While there are a few jokey lines thrown in (including one about how Cody is an ass), it’s mostly a straight number. Heck we even get a Rockettes style kick from the entire crew! Eventually the guys wind up back at the dinner table as the tune wraps up.

And just in time, as their steaks hit the table. I’d say that they sure cooked those steaks fast but they DID order them completely rare so that checks out. Also checking out would be Jericho and Max as they realize that a rare steak is in actuality disgusting. Whether it’s more disgusting than a well done steak is up for debate.

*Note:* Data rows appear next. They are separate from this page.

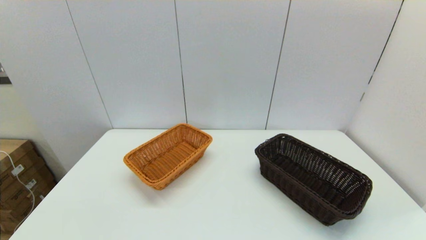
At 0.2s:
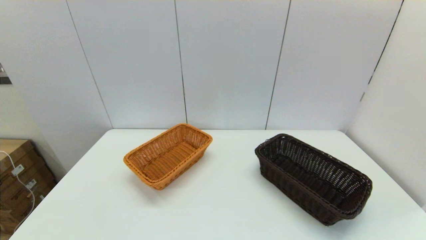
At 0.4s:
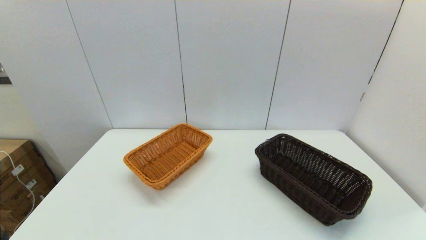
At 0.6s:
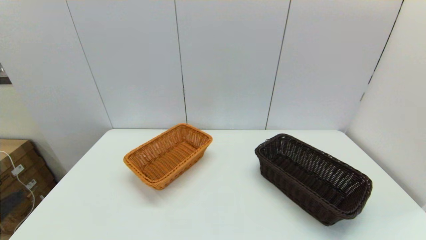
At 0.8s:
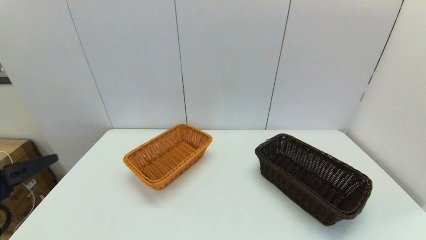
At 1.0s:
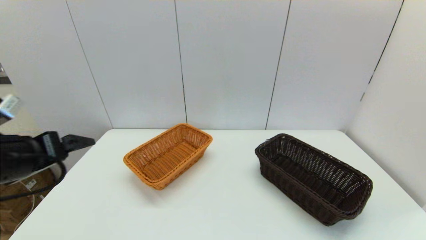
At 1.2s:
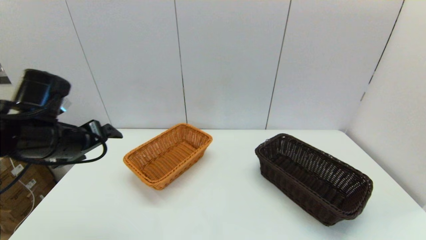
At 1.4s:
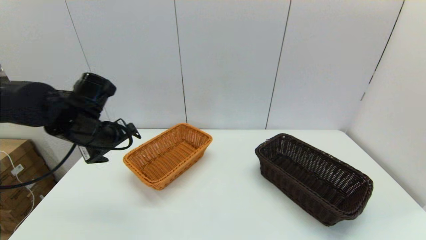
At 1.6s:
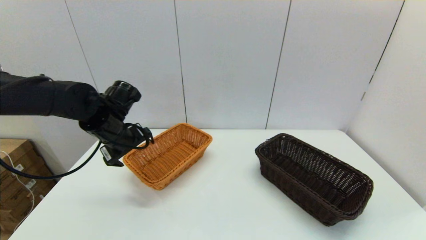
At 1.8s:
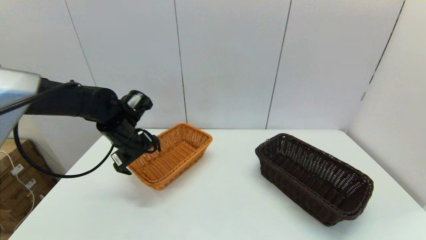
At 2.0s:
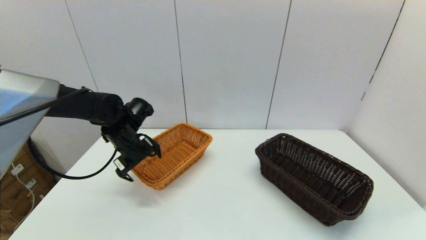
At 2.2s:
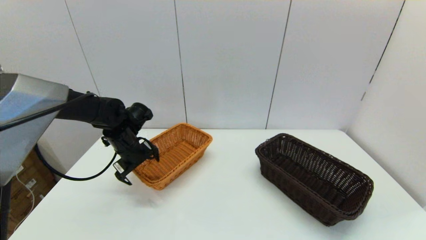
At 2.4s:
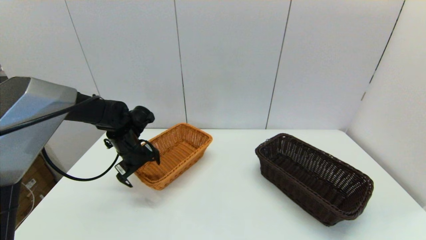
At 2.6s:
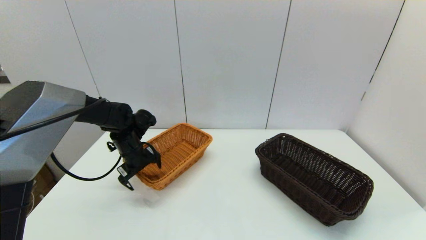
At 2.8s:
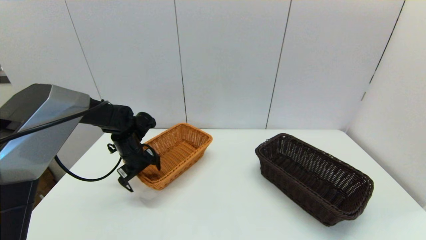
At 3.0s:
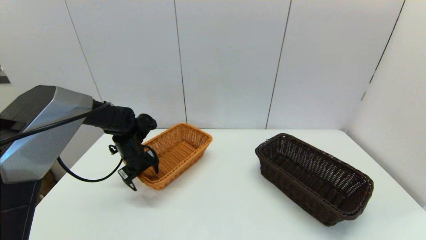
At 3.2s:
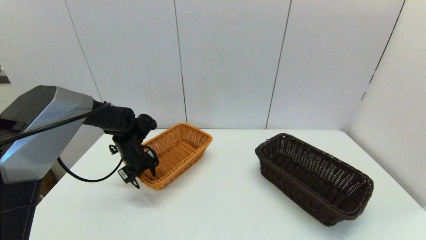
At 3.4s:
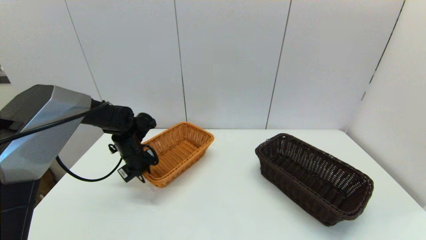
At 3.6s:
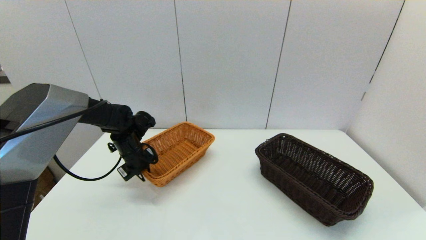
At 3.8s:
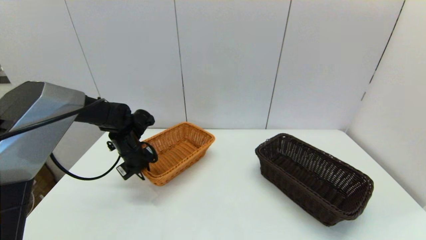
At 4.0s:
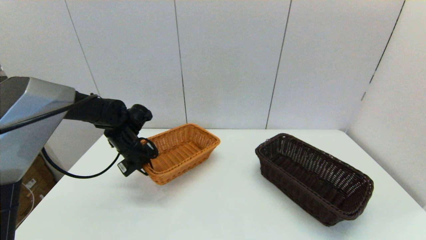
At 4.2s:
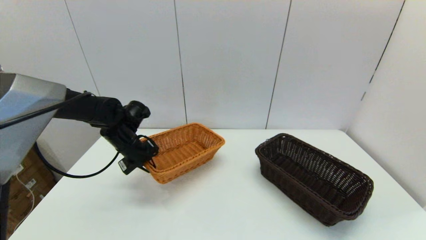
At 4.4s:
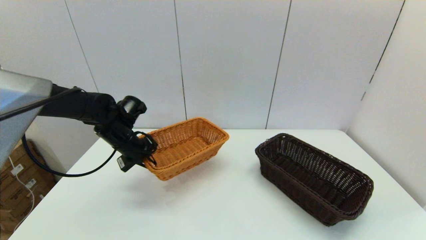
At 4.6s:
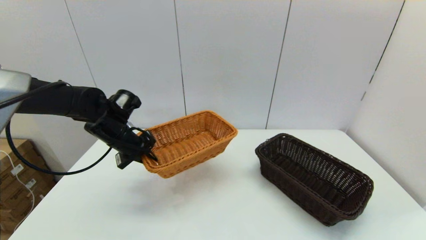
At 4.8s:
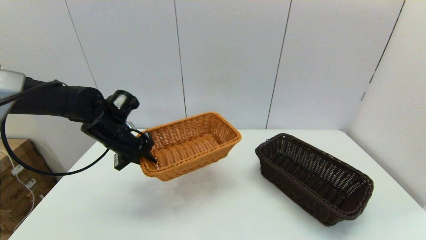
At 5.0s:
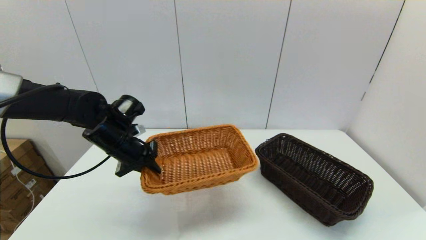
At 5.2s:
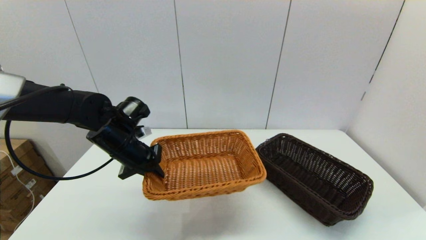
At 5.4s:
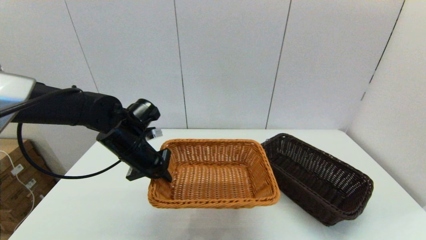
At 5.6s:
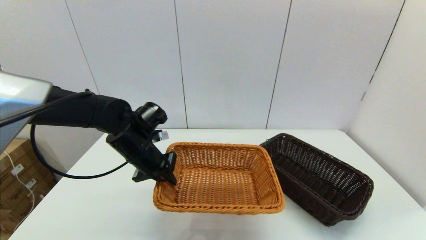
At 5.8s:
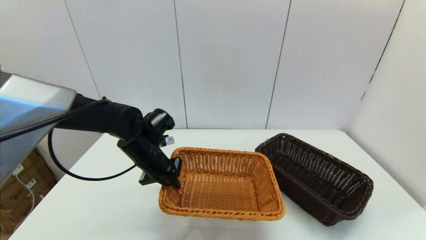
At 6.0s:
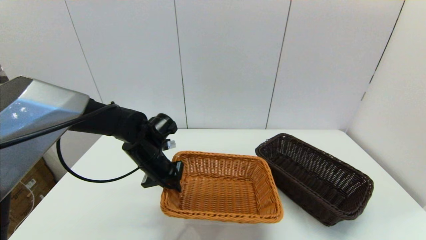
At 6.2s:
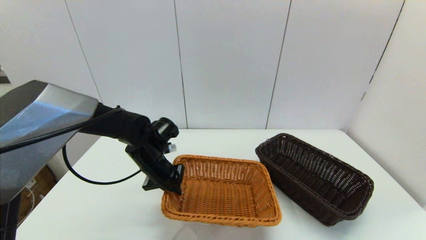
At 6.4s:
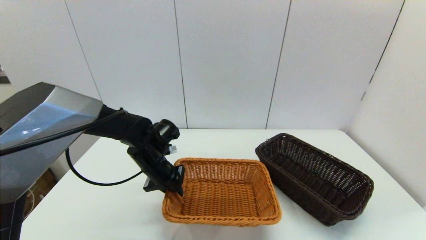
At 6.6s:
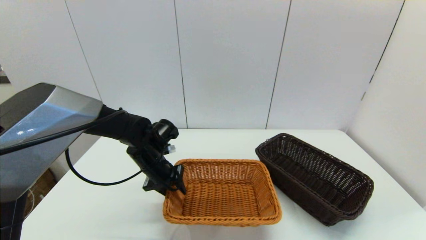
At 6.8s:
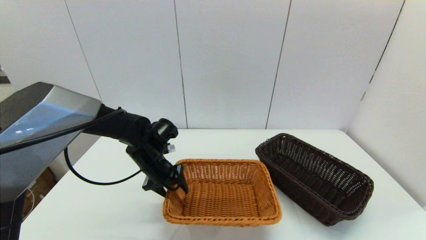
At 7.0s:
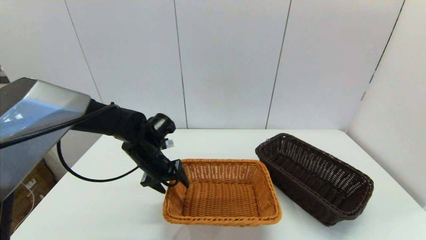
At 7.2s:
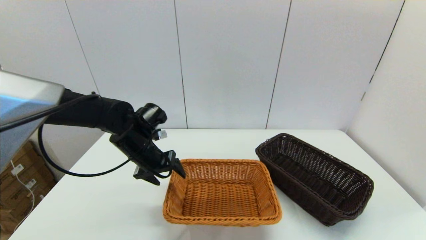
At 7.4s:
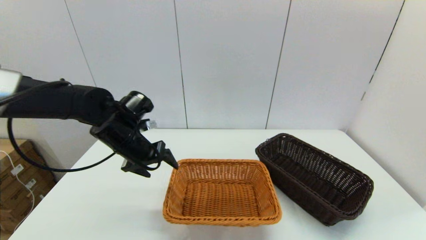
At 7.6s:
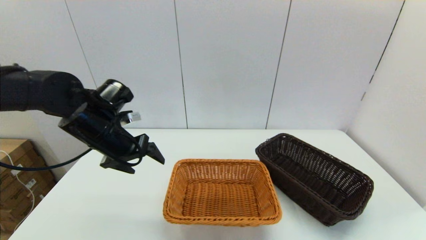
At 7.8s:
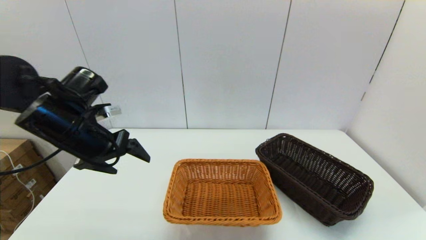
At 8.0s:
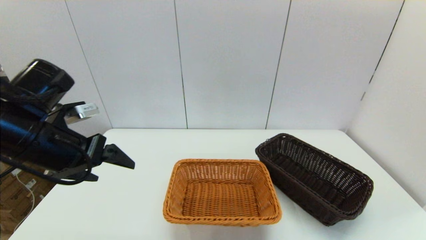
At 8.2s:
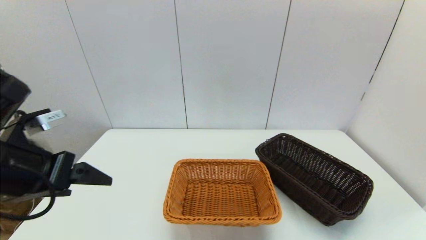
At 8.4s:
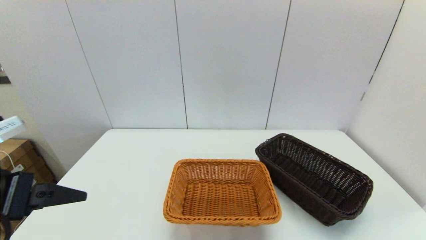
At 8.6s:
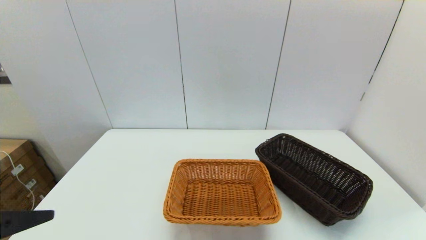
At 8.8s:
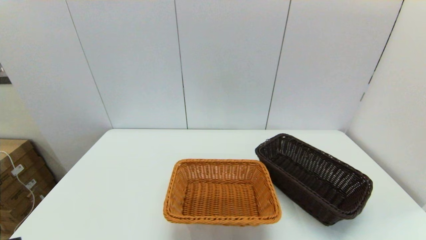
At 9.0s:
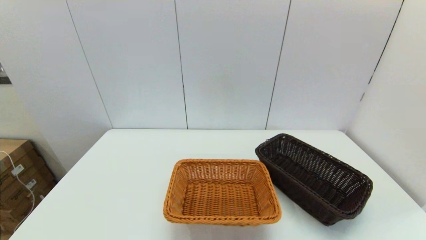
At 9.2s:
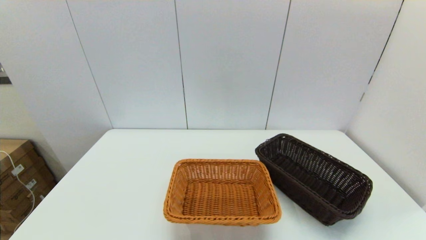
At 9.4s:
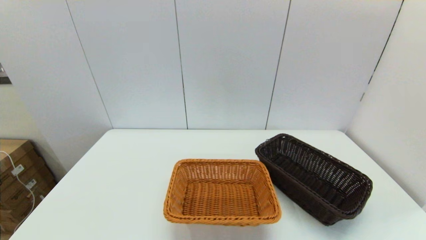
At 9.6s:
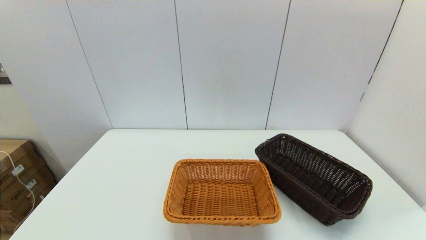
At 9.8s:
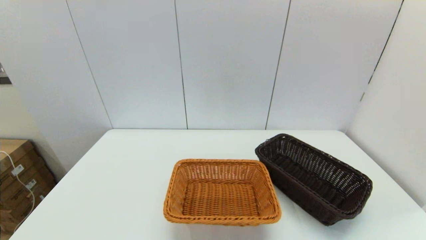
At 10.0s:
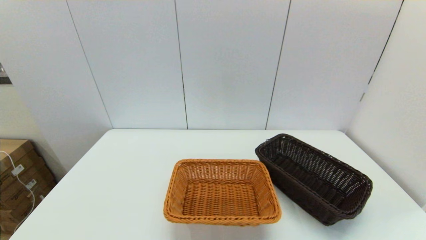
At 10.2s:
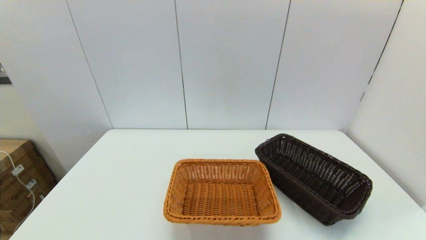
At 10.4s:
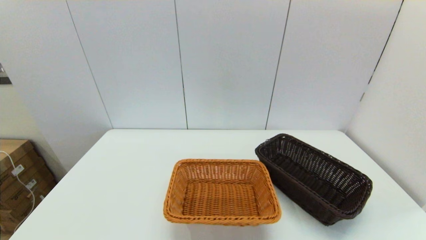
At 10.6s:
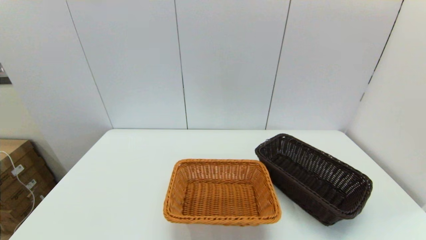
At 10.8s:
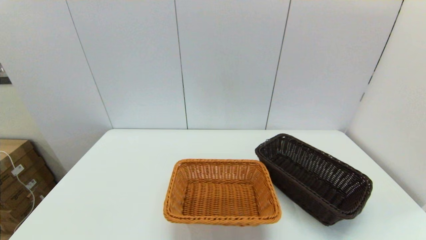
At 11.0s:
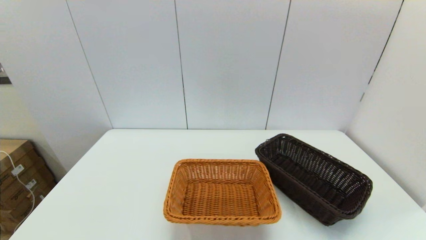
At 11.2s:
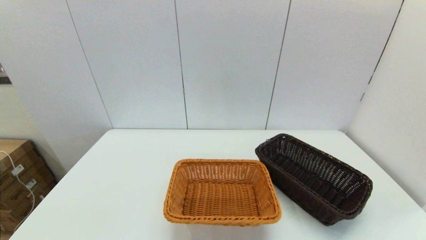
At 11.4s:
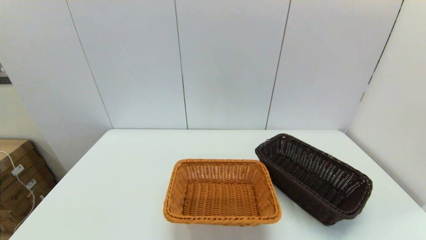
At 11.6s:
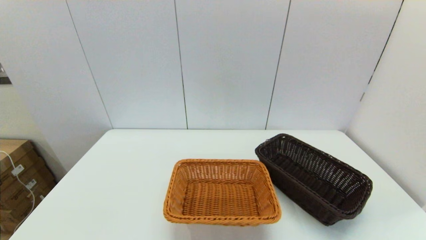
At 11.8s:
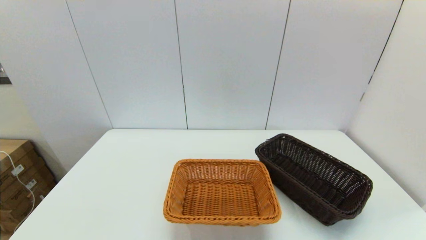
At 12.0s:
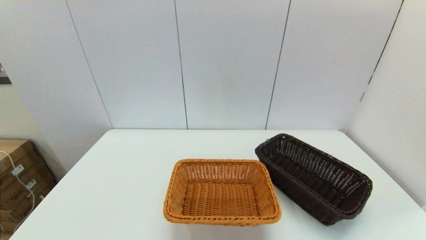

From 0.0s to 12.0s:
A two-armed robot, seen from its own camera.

SPEAKING OF UP FOR DEBATE…I honestly am STILL not sure if what I just watched was actually induction worthy. I mean, these two acting like total buffoons who think they are actually cool is right in my wheel house. Then again, was this a great way to determine if two of the company’s biggest stars should actually join forces? Eh, probably not.

While prepping for this, I actually found a Jericho interview discussing this whole thing and it’s actually fairly interesting. Apparently, he and MJF had to do this in something of a scramble as the song they were going to use, “Me and My Shadow”, had a copyright snafu at the last minute. Therefore, they had to come up with something more or less on the fly so they could make it to air in time for Dynamite. Far more interesting is the fact that this was originally not going to be an old school musical, but instead a ‘dream sequence’ set to the Elton John song “Tiny Dancer.” Now THAT would have been WrestleCrap, no questions asked!!